Ginger: Because ginger has anti-inflammatory characteristics, it can assist those who have arthritis have less pain and stiffness. You may take it as a dietary supplement or utilize it in the kitchen.

Boswellia: Boswellia, also known as Indian frankincense, is a plant believed to have anti-inflammatory effects and is frequently used to assist in the management of the pain associated with arthritis. It is possible to take it in supplement form.

Devil’s Claw: The plant known as devil’s claw, often known simply as devil’s claw, has been used to treat arthritic pain and inflammation for generations.
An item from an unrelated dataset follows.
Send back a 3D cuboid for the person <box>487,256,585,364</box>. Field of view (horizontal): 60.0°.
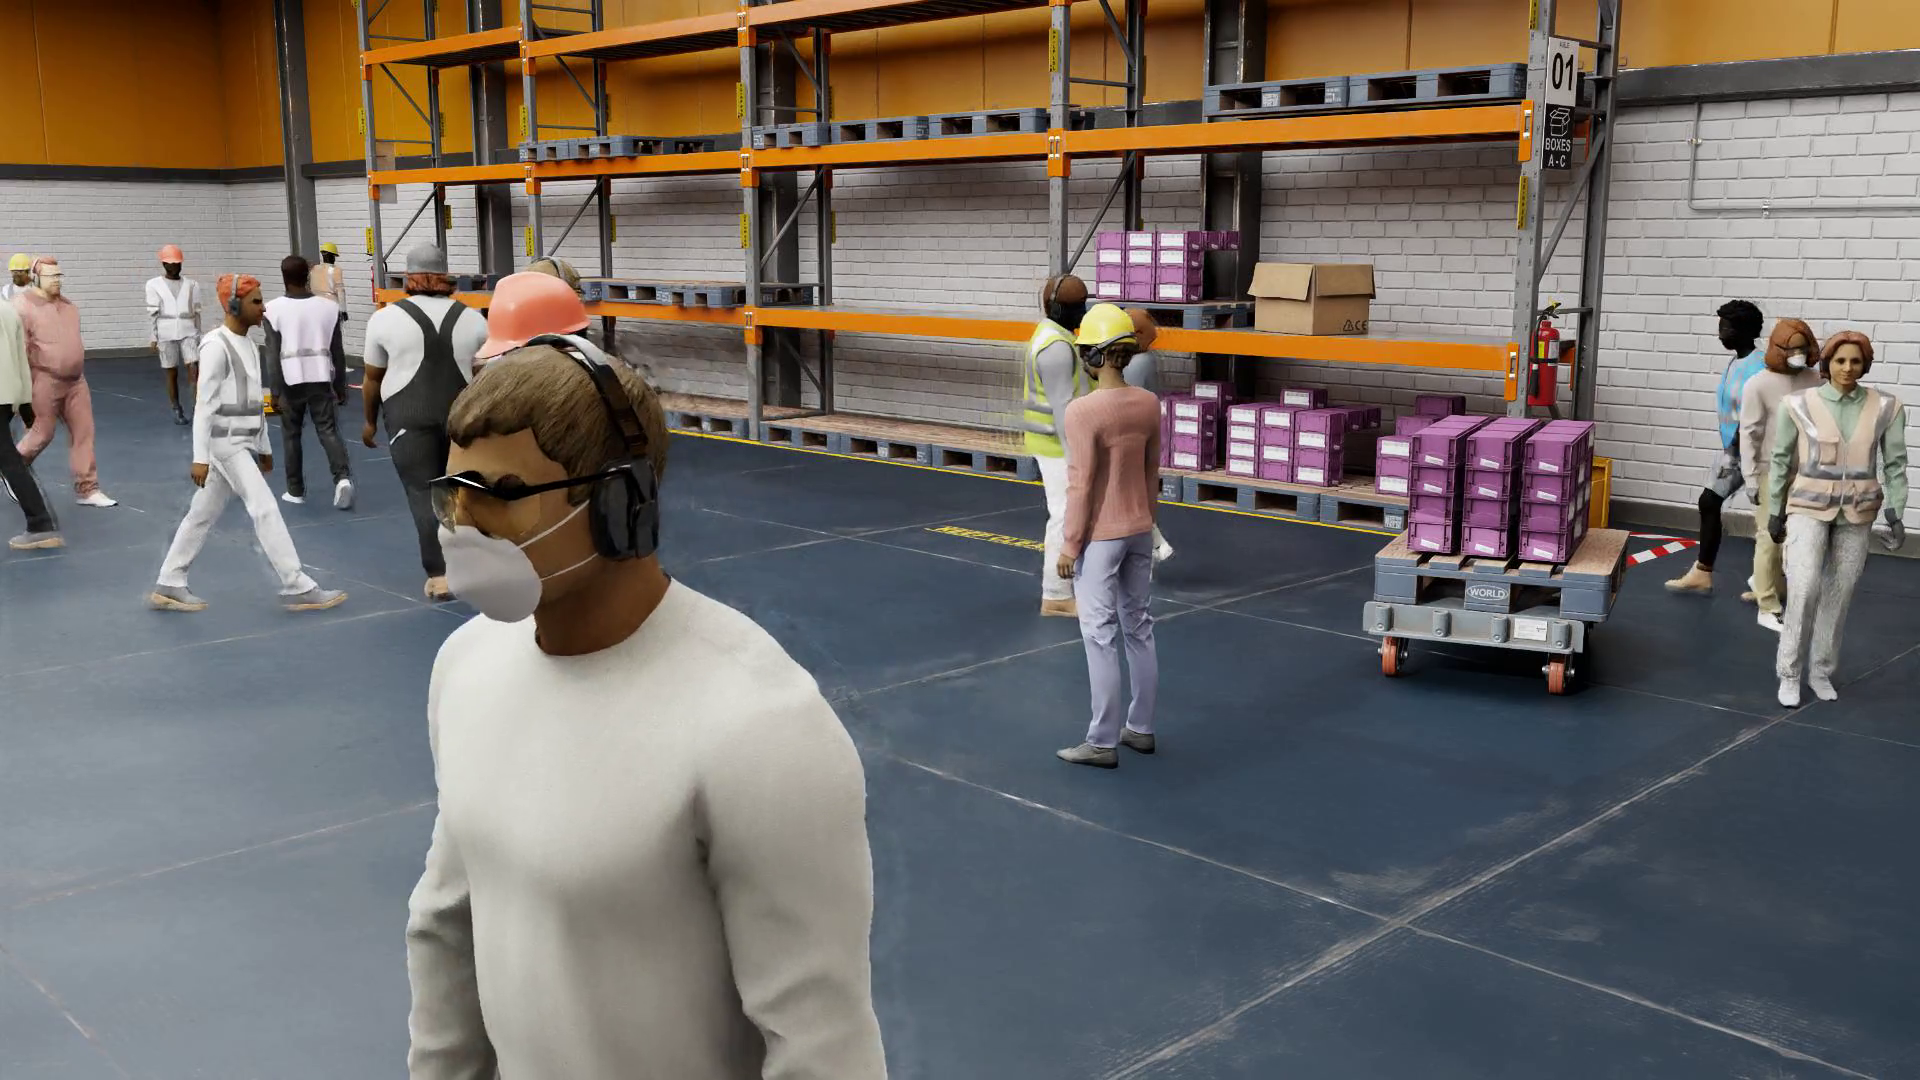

It can be used topically or consumed internally as a dietary supplement.

Salicin is a naturally occurring analgesic with pain-relieving properties comparable to aspirin found in willow bark. It is available in supplement form and has been shown to help lessen the pain and inflammation caused by arthritis.

Before beginning to use any herbs or supplements, discussing your decision with your primary care physician is essential. Herbs and supplements might interact with other prescriptions and may not be suitable for everyone. In addition, even while certain herbs can be beneficial in managing arthritic symptoms, people shouldn’t rely on them instead of conventional medical treatment.